■ **Entries shown**
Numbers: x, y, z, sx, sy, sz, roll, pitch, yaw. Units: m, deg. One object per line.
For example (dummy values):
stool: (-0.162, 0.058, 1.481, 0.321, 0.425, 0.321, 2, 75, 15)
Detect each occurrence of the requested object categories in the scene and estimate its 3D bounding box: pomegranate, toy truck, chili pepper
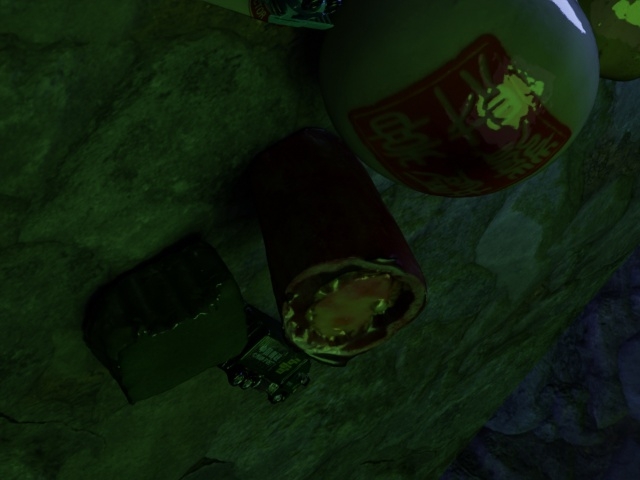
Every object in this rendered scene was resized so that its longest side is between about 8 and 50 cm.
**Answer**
pomegranate: (0.403, -0.357, 1.874, 0.319, 0.319, 0.319, -32, 152, -20)
toy truck: (-0.009, -0.283, 1.519, 0.074, 0.063, 0.136, -33, 163, 32)
chili pepper: (0.000, 0.000, 1.895, 0.251, 0.305, 0.229, 17, 126, -46)
toy truck: (-0.100, 0.202, 2.244, 0.121, 0.088, 0.259, -44, 152, 3)

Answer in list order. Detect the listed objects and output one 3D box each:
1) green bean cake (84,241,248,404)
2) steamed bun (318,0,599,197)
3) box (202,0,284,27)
green bean cake: (-0.228, 0.126, 1.915, 0.227, 0.125, 0.222, -31, 154, -17)
steamed bun: (0.179, -0.197, 1.706, 0.374, 0.241, 0.374, 6, 145, 4)
box: (-0.094, -0.364, 1.409, 0.214, 0.069, 0.353, -51, 155, 20)
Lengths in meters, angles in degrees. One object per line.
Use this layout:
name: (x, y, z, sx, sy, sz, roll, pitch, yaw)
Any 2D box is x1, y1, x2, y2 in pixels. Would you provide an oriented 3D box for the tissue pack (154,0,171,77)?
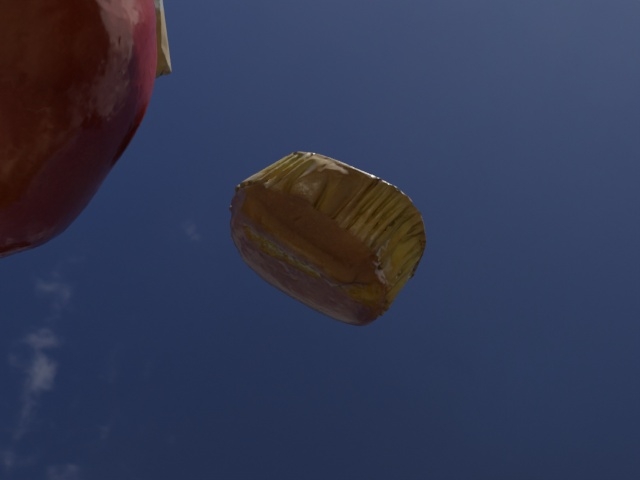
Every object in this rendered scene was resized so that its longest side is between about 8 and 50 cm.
tissue pack: (-0.213, -0.219, 0.711, 0.186, 0.222, 0.090, -23, -151, -39)

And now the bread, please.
bread: (0.000, 0.000, 1.346, 0.288, 0.204, 0.156, 30, -132, 19)

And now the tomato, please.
tomato: (-0.215, -0.105, 0.536, 0.259, 0.260, 0.180, -24, -145, 2)
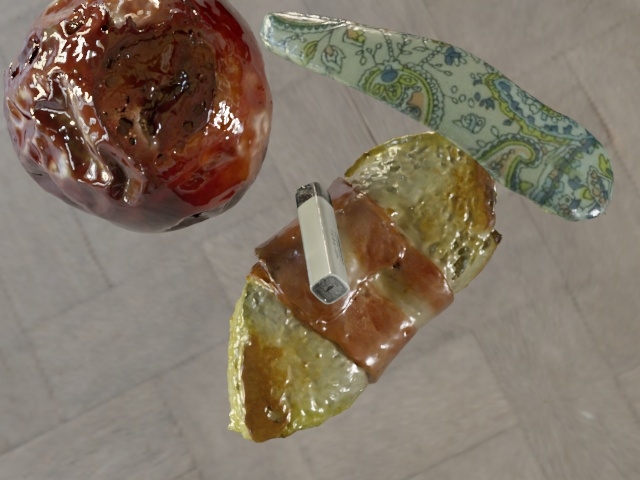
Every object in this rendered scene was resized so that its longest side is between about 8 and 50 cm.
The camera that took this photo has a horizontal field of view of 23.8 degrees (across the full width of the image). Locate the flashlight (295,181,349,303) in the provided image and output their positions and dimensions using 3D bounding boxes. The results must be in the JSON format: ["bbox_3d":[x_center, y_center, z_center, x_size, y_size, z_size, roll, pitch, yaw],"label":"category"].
[{"bbox_3d":[0.000,0.000,0.827,0.018,0.018,0.083,-33,36,17],"label":"flashlight"}]

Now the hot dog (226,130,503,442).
[{"bbox_3d":[0.022,0.027,1.038,0.261,0.093,0.123,-42,106,-9],"label":"hot dog"}]

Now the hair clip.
[{"bbox_3d":[0.068,-0.080,0.874,0.229,0.036,0.066,27,65,4],"label":"hair clip"}]

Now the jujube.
[{"bbox_3d":[-0.124,-0.096,1.056,0.183,0.243,0.183,-1,92,-17],"label":"jujube"}]
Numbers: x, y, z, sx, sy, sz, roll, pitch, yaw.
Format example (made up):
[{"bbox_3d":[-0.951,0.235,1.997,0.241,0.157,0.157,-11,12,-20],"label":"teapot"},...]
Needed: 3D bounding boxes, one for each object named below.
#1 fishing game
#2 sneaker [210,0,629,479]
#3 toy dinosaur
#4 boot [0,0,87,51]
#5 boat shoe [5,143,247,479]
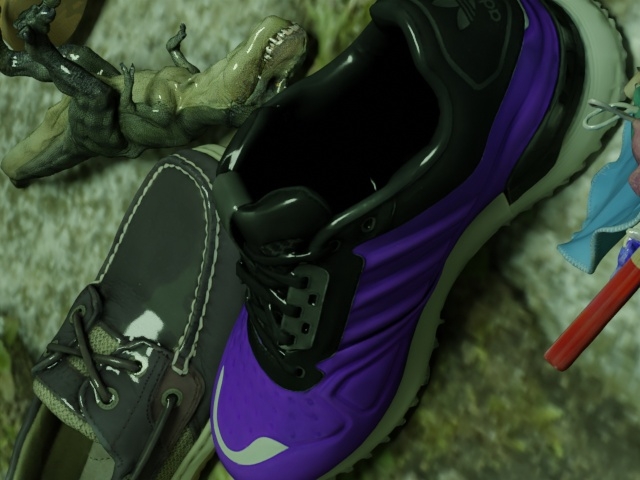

■ **Assignment**
Scan the entries above for the string "Detect", and copy every line where it turns up.

■ **Task result**
Detect each occurrence of the requested object categories in the scene and estimate its 3D bounding box: pomegranate, toy truck, chili pepper
Answer in list order. Detect the listed objects and output one 3D box each:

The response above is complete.